Dialogue as empathic conversation involves collective mindfulness. Dialogue as real meeting is also called authentic dialogue. One advantage of promoting dialogue in organizations is greater innovation. One disadvantage is that organization members may feel that no right answer can be identified for a problem. The authors of your text observe that dialogue in organizations is rare.

Creating spaces for dialogue can prove challenging, particularly in times of scarce resources. However, organizations ignore dialogue to their detriment. Dialogue is essential for innovation and for encouraging collaboration. If organization members feel they don't have a voice, they will find alternative ways to express themselves, as Eisenberg et al. note.

~ Professor Cyborg

Monday, January 5, 2009

the changing world of work

Welcome to the first official day of class! If you haven't already, complete the Process Tasks so you can keep up to date on what's going on in the class as well as start your own blogging.

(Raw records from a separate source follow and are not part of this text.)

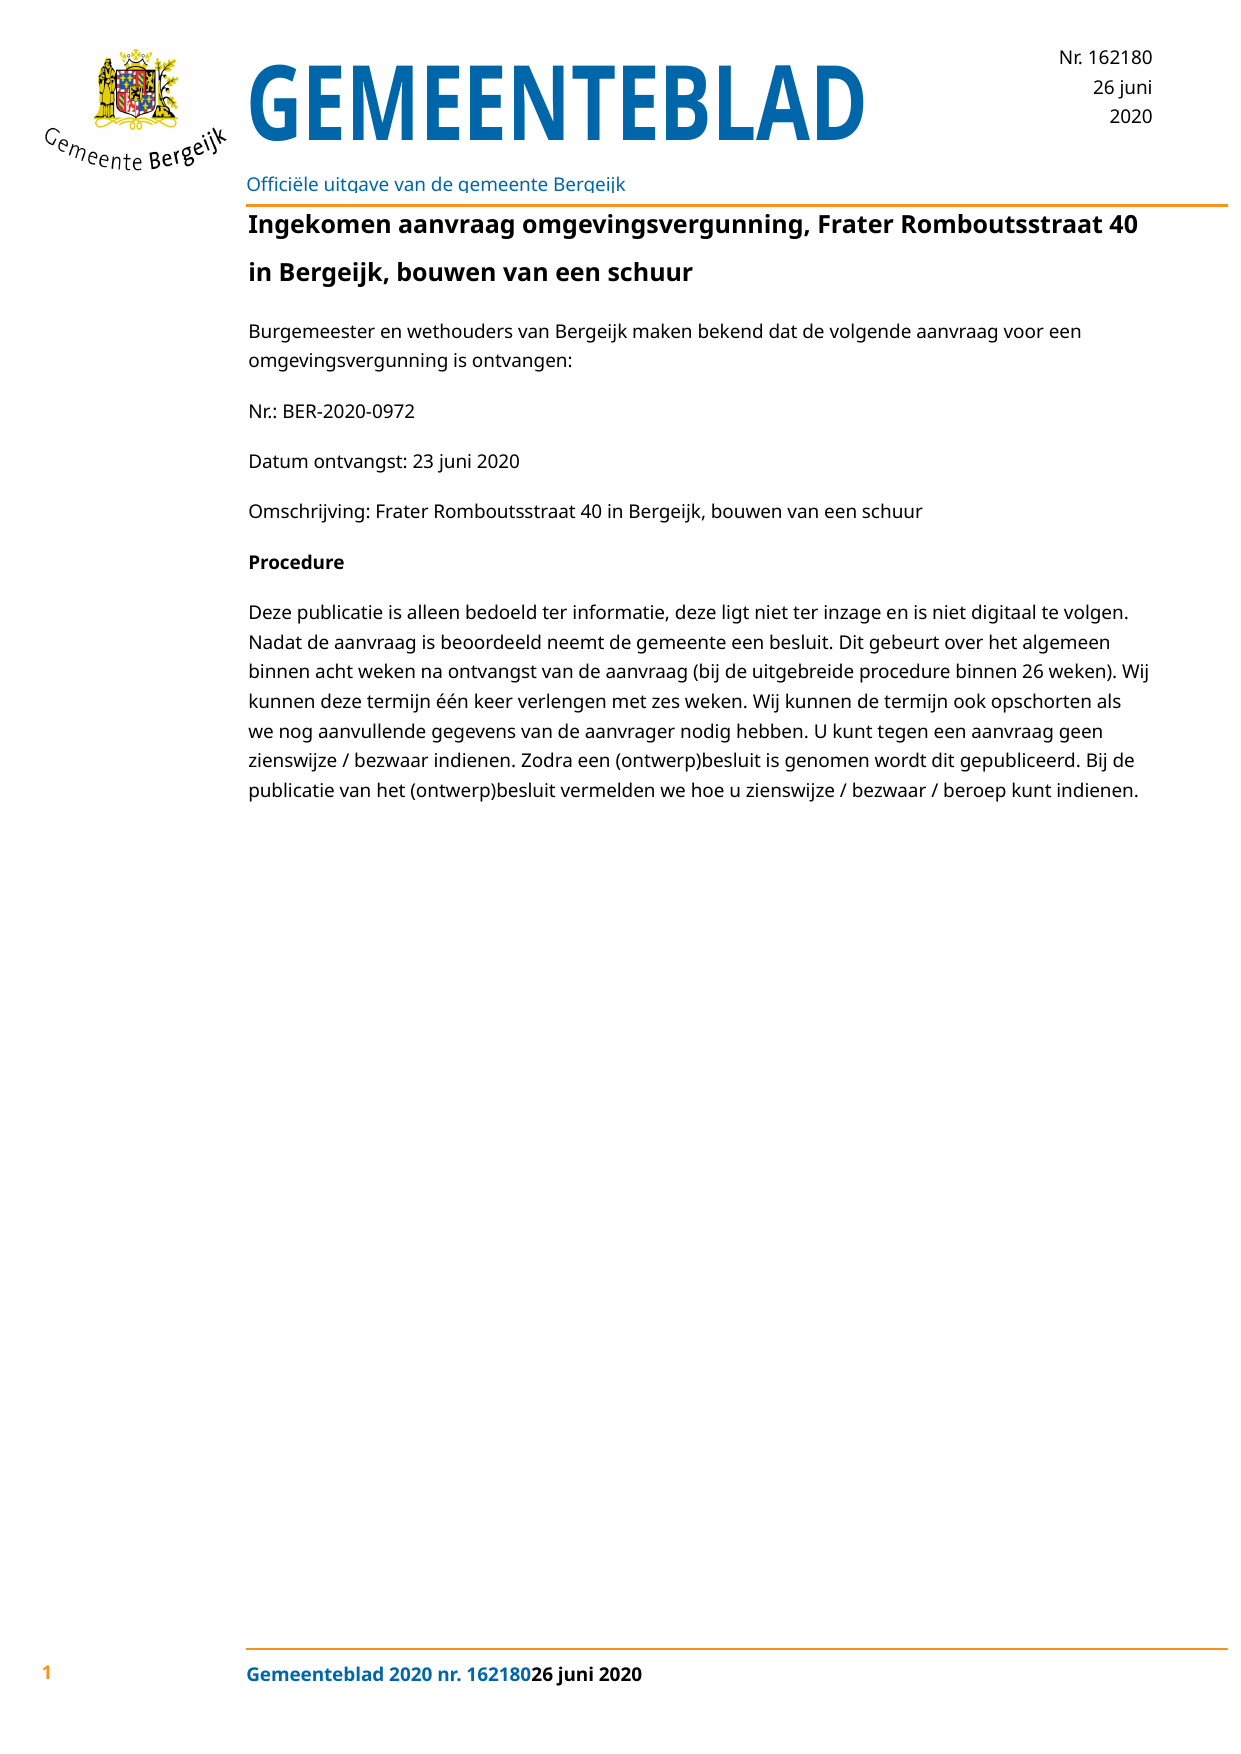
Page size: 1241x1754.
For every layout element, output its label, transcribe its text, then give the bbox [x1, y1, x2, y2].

text Burgemeester en wethouders van Bergeijk maken bekend dat de volgende aanvraag voor een omgevingsvergunning is ontvangen: [248, 318, 1152, 373]
text Datum ontvangst: 23 juni 2020 [248, 448, 1152, 474]
picture [41, 47, 231, 172]
text Nr.: BER-2020-0972 [248, 398, 1152, 424]
text Procedure [248, 549, 1152, 575]
text Deze publicatie is alleen bedoeld ter informatie, deze ligt niet ter inzage en is niet digitaal te volgen. Nadat de aanvraag is beoordeeld neemt de gemeente een besluit. Dit gebeurt over het algemeen binnen acht weken na ontvangst van de aanvraag (bij de uitgebreide procedure binnen 26 weken). Wij kunnen deze termijn één keer verlengen met zes weken. Wij kunnen de termijn ook opschorten als we nog aanvullende gegevens van de aanvrager nodig hebben. U kunt tegen een aanvraag geen zienswijze / bezwaar indienen. Zodra een (ontwerp)besluit is genomen wordt dit gepubliceerd. Bij de publicatie van het (ontwerp)besluit vermelden we hoe u zienswijze / bezwaar / beroep kunt indienen. [248, 599, 1152, 803]
text Ingekomen aanvraag omgevingsvergunning, Frater Romboutsstraat 40 in Bergeijk, bouwen van een schuur [248, 207, 1152, 288]
text Omschrijving: Frater Romboutsstraat 40 in Bergeijk, bouwen van een schuur [248, 499, 1152, 524]

The Eisenberg et al. text was published in 2007, which means the authors likely finished writing it in 2006. I'm not sure they could have anticipated all the changes in the changing world of work, but they did identify several directions for workplace trajectories, particularly in terms of the global economy.

In Chapter 1, the authors note the problems with a market economy largely free from government regulation. Although the authors gave the International Monetary Fund (IMF) policies as an example of "an unreasonably optimistic belief in the self-regulating power of a market economy," (p. 8), the current state of the global financial system provides a current weakness with this line of thinking and action. The Federal Deposit Insurance Corporation (FDIC) lists failed banks and those needing emergency assistance dating back to 1991. The list is long for 2008 and includes IndyMac, Washington Mutual, and Downey Savings and Loan Association. Moreover, because economies world wide are interdependent, the problems have spread to Asia, Europe, the Middle East, and other places around the globe.

The authors conclude the chapter by observing that "traditional ways of doing business--and communicating--are no longer effective" (p. 24). The problems organizations are facing today suggest they haven't quite yet figured out what the news ways should be.

~ Professor Cyborg

Thursday, January 1, 2009

turbulent times for organizations

Welcome to the New Year! 2008 was certainly a year in which organizations made front page news and that's probably going to be the case in 2009 as well.

The Eisenberg et al. book begins with the line, "The are strange times for organizational communication" (p. v). The authors go on to note in the same paragraph, "The horrific ethical missteps by corporations such as Enron continue to haunt the current business environment, as a series of denials and plea deals made by key executives in these cases makes the potential for real change unlikely" (p. v). The lack of any sort of ethical code has certainly pervaded the financial industry, where top executives made a lot money while their organizations collapsed and U.S. taxpayer dollars were used for executive bonuses. The continued unethical--and even illegal--behavior of a few have led to turbulent and dark times for many.

The main headline in the Mercury News Business section, "A Loss of Faith in Stock Markets," reflects the lack of confidence people have in organizational decision-makers. Who wants to invest money in companies when leading financial advisors such as Bernard Madoff admit to defrauding clients out of $50 billion? As the authors of the text point out, balancing individual and group goals is essential to effective organizing. It seems that today the balance has tipped in the direction of the individual (at least a few individuals) to the detriment of the many.

So why even bother to take a class in organizational communication? Becoming a more knowledgeable organizational member can help you make smarter professional choices and improve your communication competency across all the organizations in which you're embedded. Taking an organizational communication class may not prevent scandals such as Enron and the recent subprime mortgage debacle, but if more people had such a class, the likelihood of such events might decrease.